[Stored items from a collection]
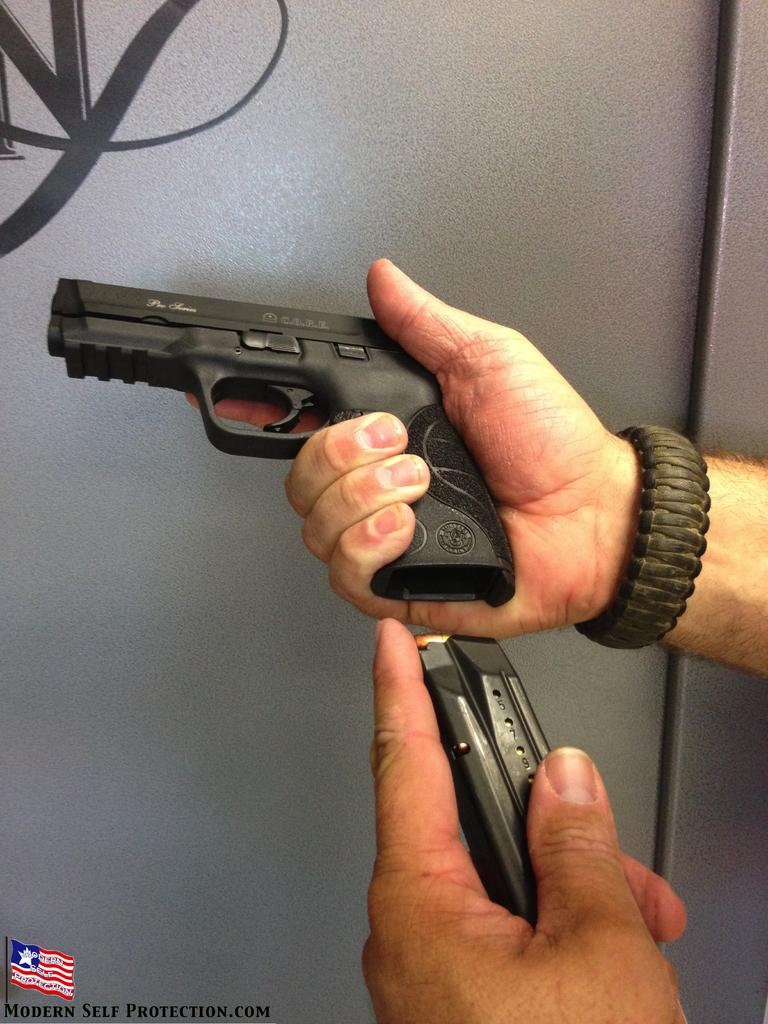What is the person in the image holding? The person is holding a handgun in the image. What else can be seen related to the handgun? There are bullets visible in the image. What is on the wall in the image? There is a wall with a logo in the image. Is there any additional information about the image itself? Yes, there is a watermark on the image. What type of vest is the person wearing in the image? There is no vest visible in the image; the person is holding a handgun and there are bullets present. What kind of produce can be seen in the image? There is no produce present in the image. 
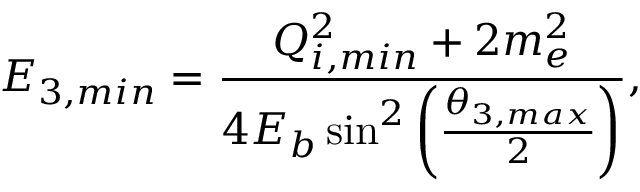Convert formula to latex. <formula><loc_0><loc_0><loc_500><loc_500>E _ { 3 , { \min } } = \frac { Q _ { i , { \min } } ^ { 2 } + 2 m _ { e } ^ { 2 } } { 4 E _ { b } \sin ^ { 2 } \left ( \frac { \theta _ { 3 , { \max } } } { 2 } \right ) } ,</formula> 
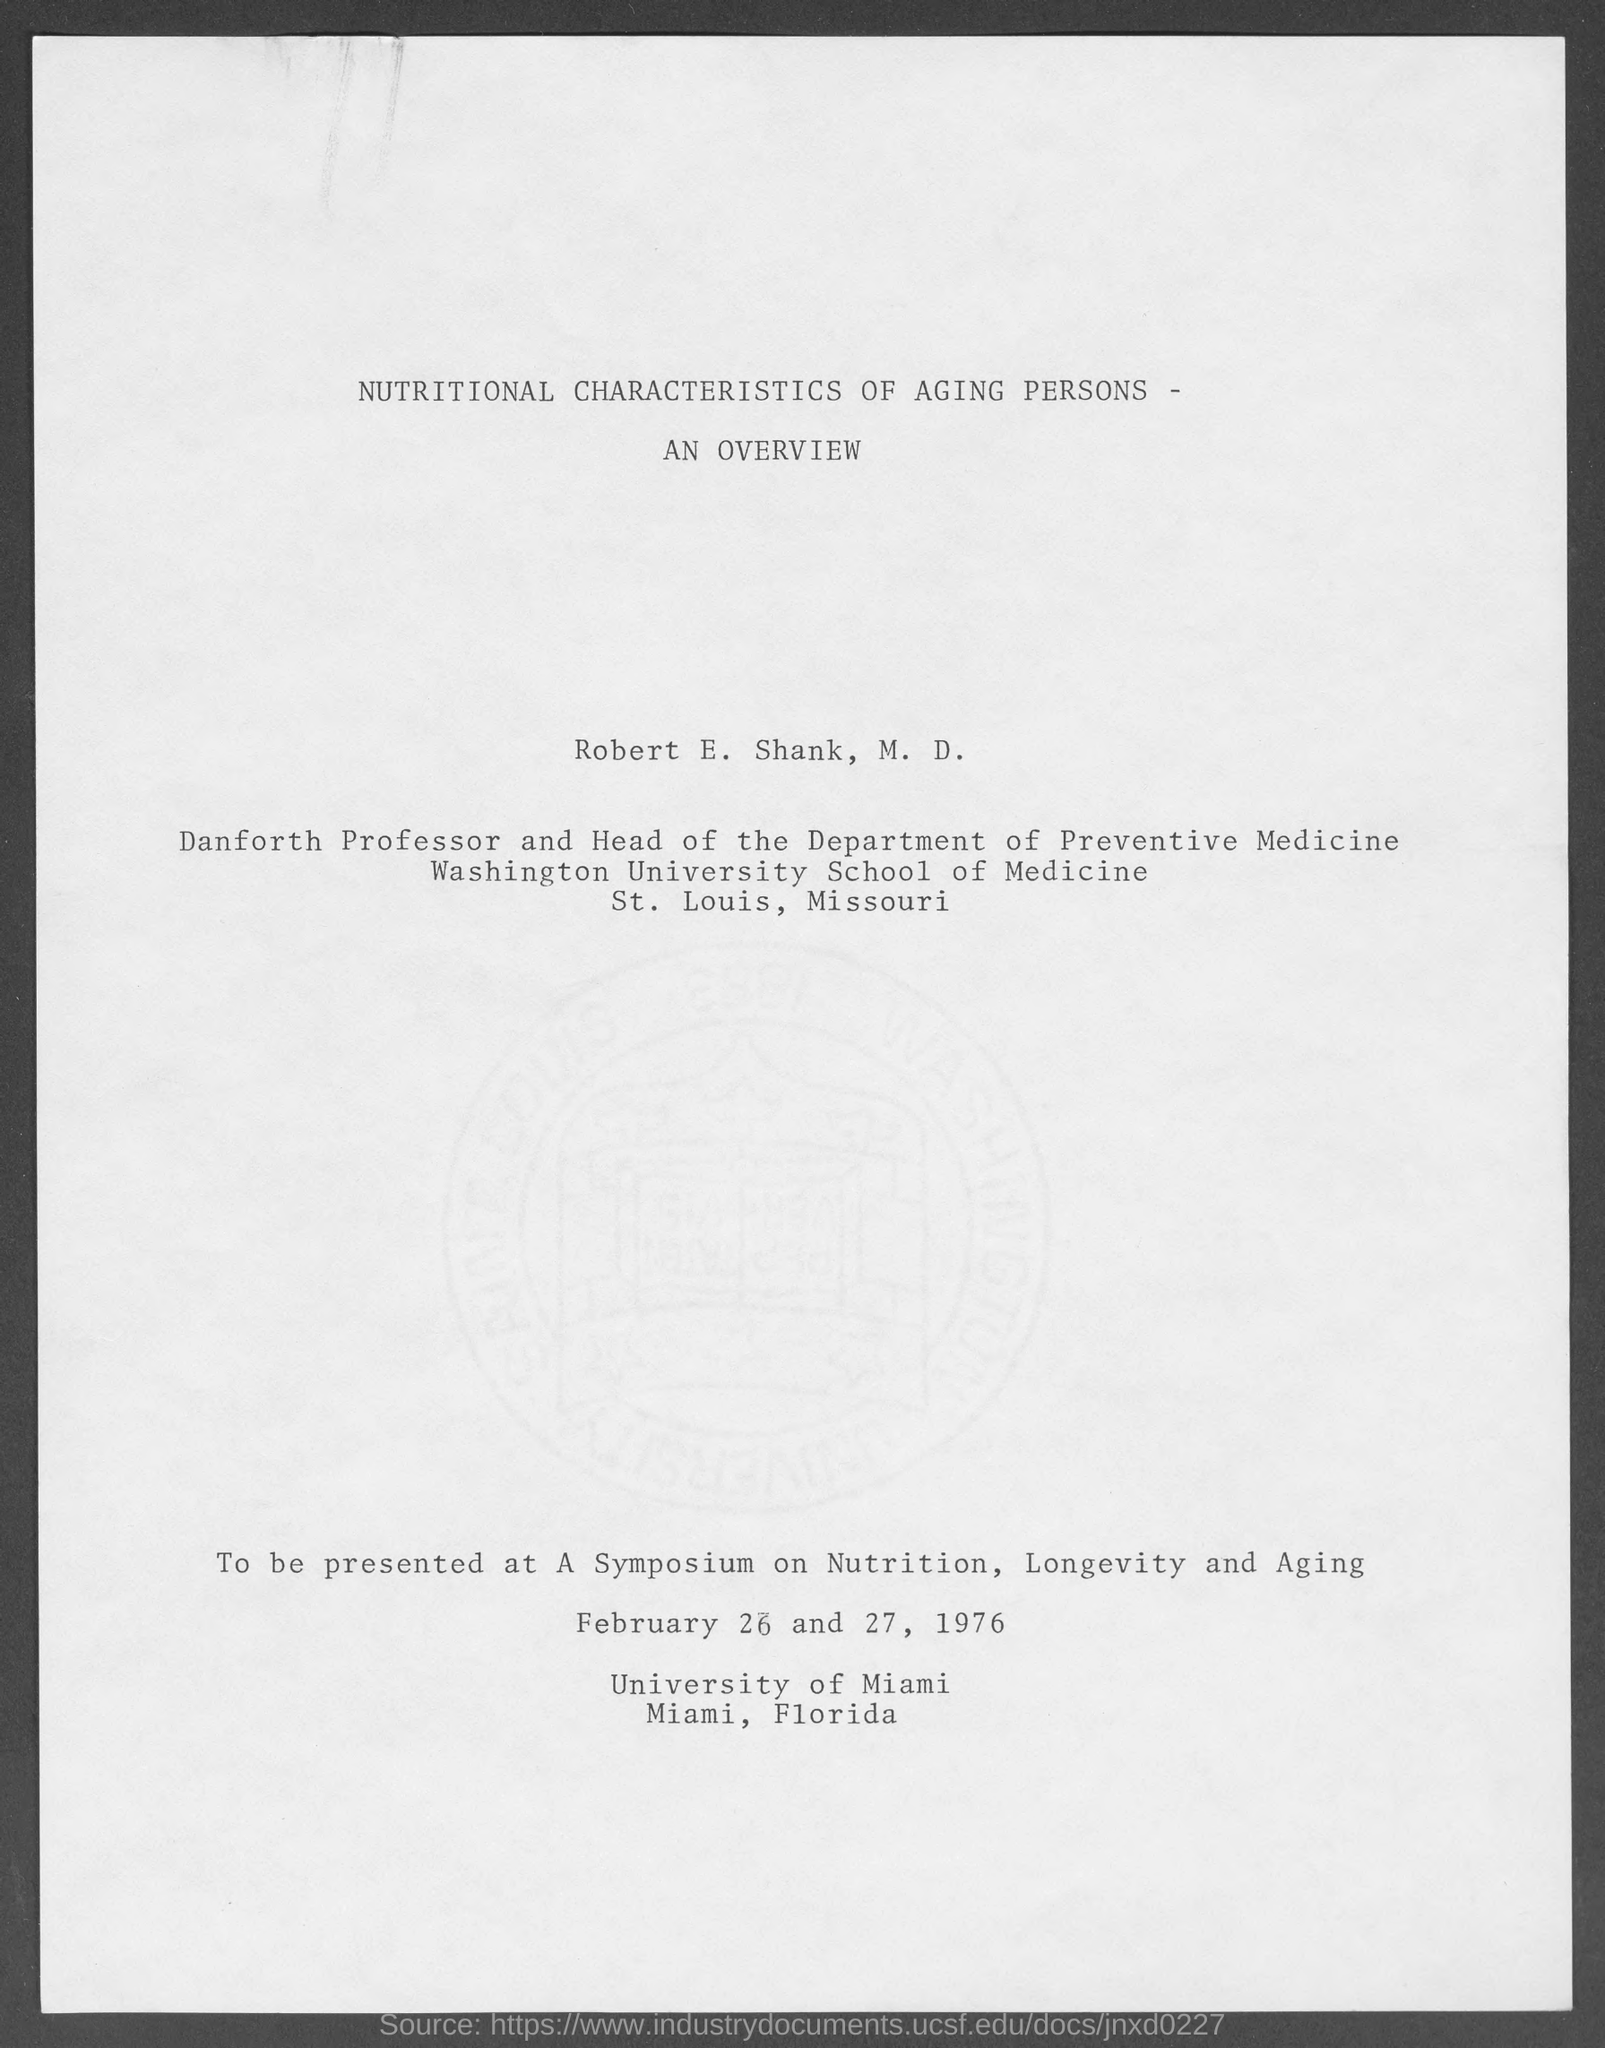What is the title of the document?
Provide a succinct answer. Nutritional characteristics of aging persons - an overview. Who is the head of the Department of Preventive Medicine?
Keep it short and to the point. Robert E. Shank. 
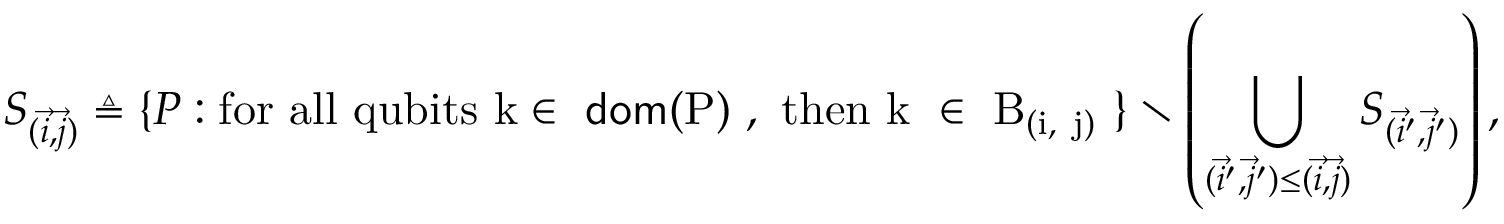<formula> <loc_0><loc_0><loc_500><loc_500>S _ { ( \vec { i } , \vec { j } ) } \triangle q \{ P \colon f o r a l l q u b i t s k \in d o m ( P ) , t h e n k \in B _ { ( \vec { i } , \vec { j } ) } \} \ \left ( \bigcup _ { ( \vec { i } ^ { \prime } , \vec { j } ^ { \prime } ) \leq ( \vec { i } , \vec { j } ) } S _ { ( \vec { i } ^ { \prime } , \vec { j } ^ { \prime } ) } \right ) ,</formula> 
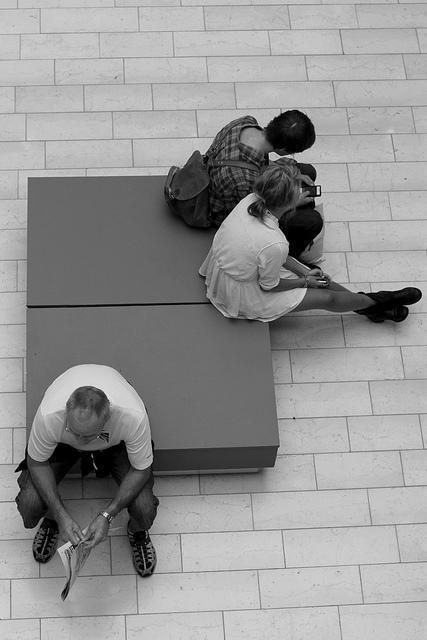How many men are in this picture?
Give a very brief answer. 1. How many people are there?
Give a very brief answer. 3. 
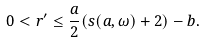Convert formula to latex. <formula><loc_0><loc_0><loc_500><loc_500>0 < r ^ { \prime } \leq \frac { a } { 2 } ( s ( a , \omega ) + 2 ) - b .</formula> 
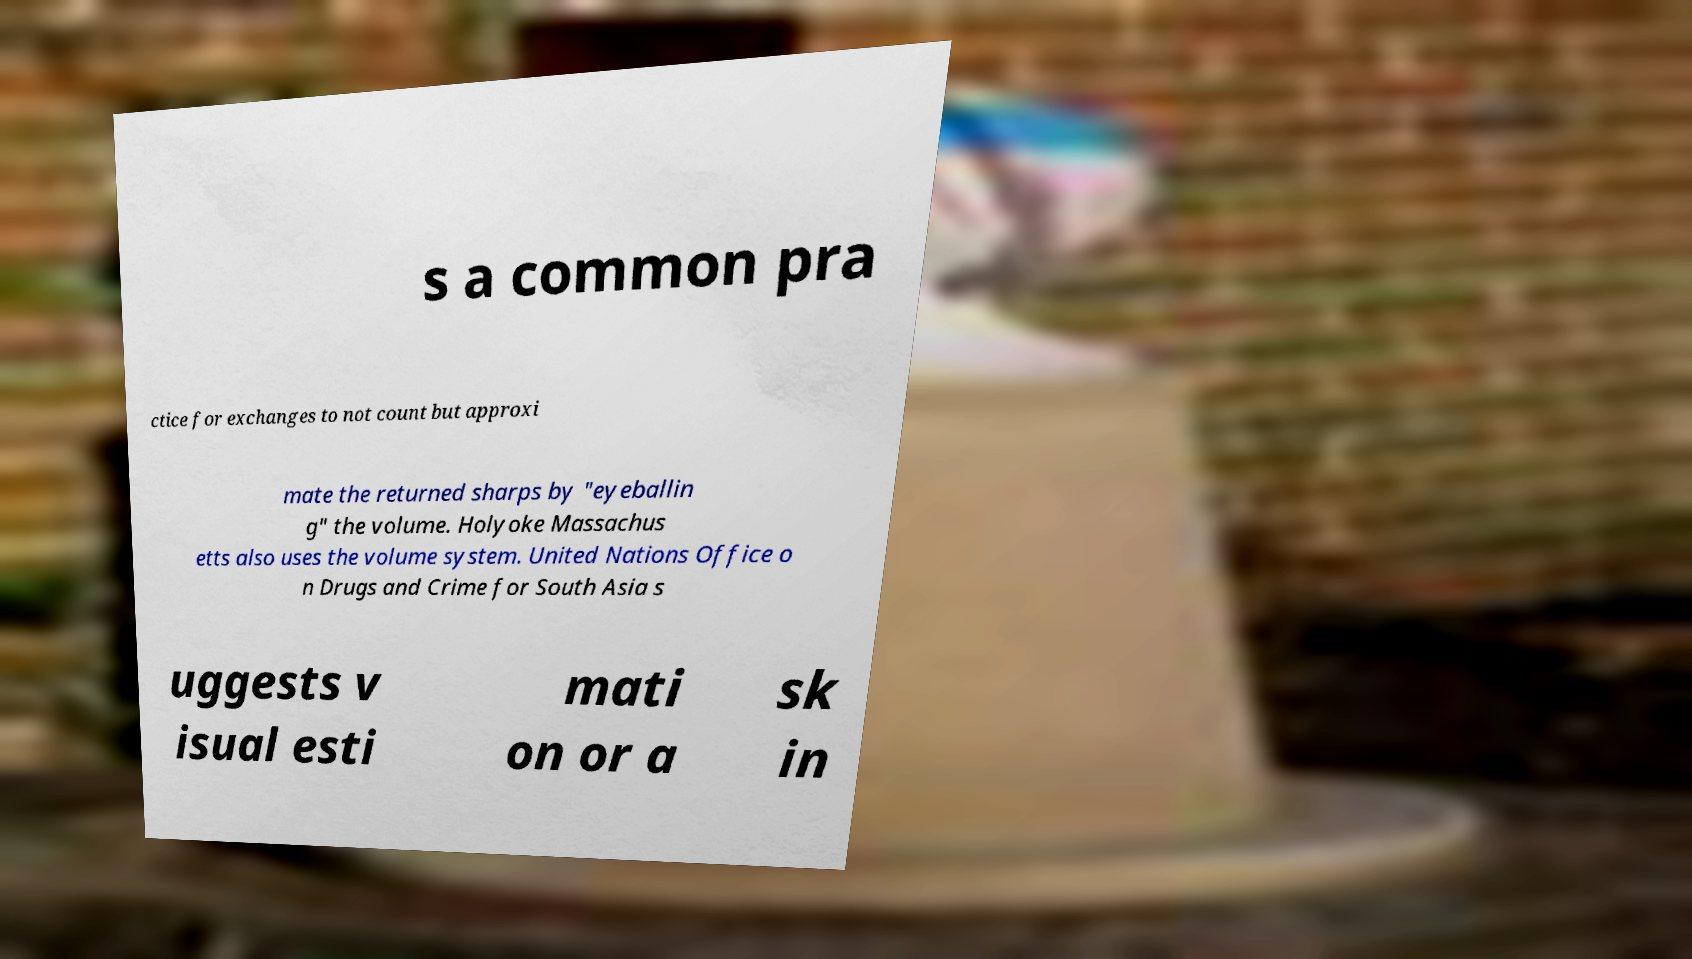Could you assist in decoding the text presented in this image and type it out clearly? s a common pra ctice for exchanges to not count but approxi mate the returned sharps by "eyeballin g" the volume. Holyoke Massachus etts also uses the volume system. United Nations Office o n Drugs and Crime for South Asia s uggests v isual esti mati on or a sk in 
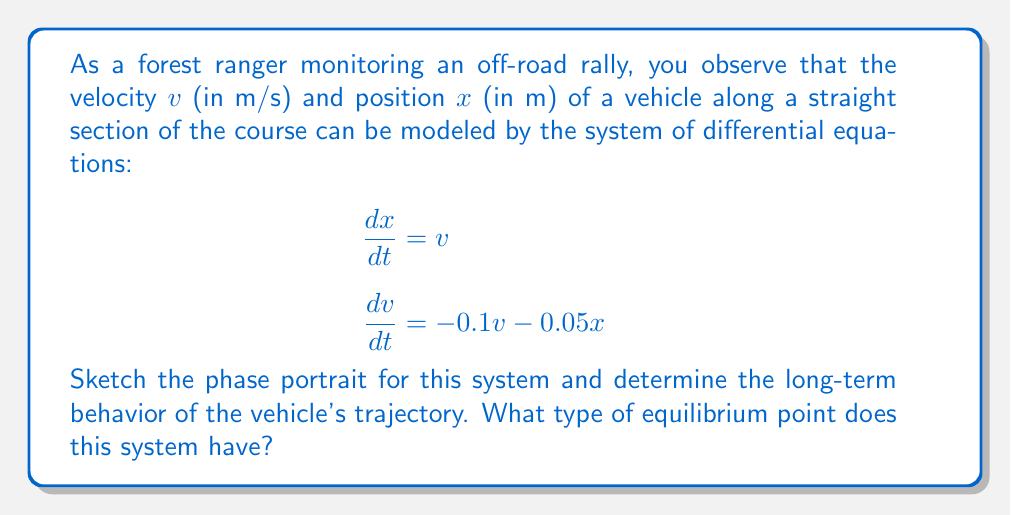Can you solve this math problem? Let's approach this step-by-step:

1) First, we need to identify the equilibrium point(s) of the system. This occurs when both $\frac{dx}{dt}$ and $\frac{dv}{dt}$ are zero:

   $\frac{dx}{dt} = v = 0$
   $\frac{dv}{dt} = -0.1v - 0.05x = 0$

   Solving this, we get $(x,v) = (0,0)$. So, $(0,0)$ is the only equilibrium point.

2) Next, we need to linearize the system around this equilibrium point. The Jacobian matrix at $(0,0)$ is:

   $$J = \begin{bmatrix}
   0 & 1 \\
   -0.05 & -0.1
   \end{bmatrix}$$

3) The eigenvalues of this matrix are given by the characteristic equation:

   $$\det(J - \lambda I) = \lambda^2 + 0.1\lambda + 0.05 = 0$$

   Solving this, we get $\lambda_1 \approx -0.0513$ and $\lambda_2 \approx -0.0487$

4) Since both eigenvalues are real and negative, this is a stable node.

5) The phase portrait will show trajectories converging to the origin from all directions. Here's a sketch:

[asy]
import graph;
size(200);
xaxis("x", Arrow);
yaxis("v", Arrow);

real f(real x, real y) { return y; }
real g(real x, real y) { return -0.1y - 0.05x; }

add(vectorfield(f, g, (-4,-4), (4,4), blue, 0.7));

for (real t = -3; t <= 3; t += 1) {
  draw((-4,t)--(4,t), gray+dashed);
  draw((t,-4)--(t,4), gray+dashed);
}

dot((0,0), red);
[/asy]

6) The long-term behavior of the vehicle's trajectory is to come to a stop at the origin. This makes sense physically: the negative terms in the equations represent friction and other resistive forces that eventually bring the vehicle to a halt.
Answer: Stable node at $(0,0)$ 
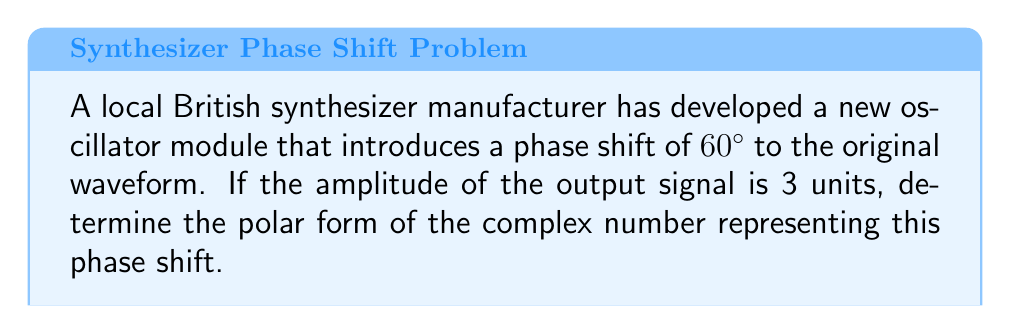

## WHAT YOU HAVE TO DO
From the line containing "import graph;" down to the last line of the entries above, set down every line exactly. Omit all pictures.

## ANSWER TO THIS TASK
import graph;
size(200);
xaxis("x", Arrow);
yaxis("v", Arrow);

real f(real x, real y) { return y; }
real g(real x, real y) { return -0.1y - 0.05x; }

add(vectorfield(f, g, (-4,-4), (4,4), blue, 0.7));

for (real t = -3; t <= 3; t += 1) {
  draw((-4,t)--(4,t), gray+dashed);
  draw((t,-4)--(t,4), gray+dashed);
}

dot((0,0), red);
[/asy]

6) The long-term behavior of the vehicle's trajectory is to come to a stop at the origin. This makes sense physically: the negative terms in the equations represent friction and other resistive forces that eventually bring the vehicle to a halt.
Answer: Stable node at $(0,0)$ 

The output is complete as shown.